→ **Try it**: Check each line of the records below and collect those that include the word "String".
::::
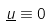Convert formula to latex. <formula><loc_0><loc_0><loc_500><loc_500>\underline { u } \equiv 0</formula> 
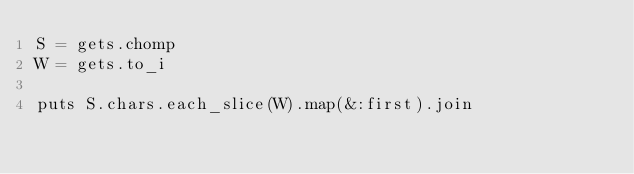<code> <loc_0><loc_0><loc_500><loc_500><_Ruby_>S = gets.chomp
W = gets.to_i

puts S.chars.each_slice(W).map(&:first).join
</code> 
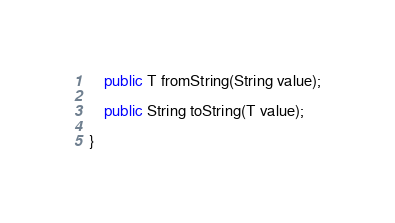Convert code to text. <code><loc_0><loc_0><loc_500><loc_500><_Java_>
    public T fromString(String value);

    public String toString(T value);

}
</code> 
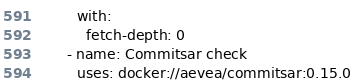<code> <loc_0><loc_0><loc_500><loc_500><_YAML_>        with:
          fetch-depth: 0
      - name: Commitsar check
        uses: docker://aevea/commitsar:0.15.0</code> 
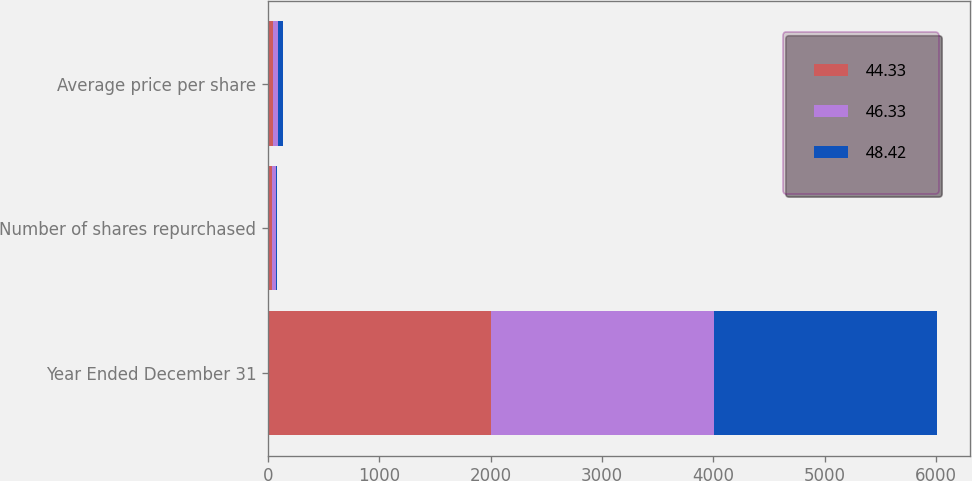Convert chart. <chart><loc_0><loc_0><loc_500><loc_500><stacked_bar_chart><ecel><fcel>Year Ended December 31<fcel>Number of shares repurchased<fcel>Average price per share<nl><fcel>44.33<fcel>2004<fcel>38<fcel>46.33<nl><fcel>46.33<fcel>2003<fcel>33<fcel>44.33<nl><fcel>48.42<fcel>2002<fcel>14<fcel>48.42<nl></chart>
::::
→ **Reply to the task**:
    public T fromString(String value);
    public String toString(T value);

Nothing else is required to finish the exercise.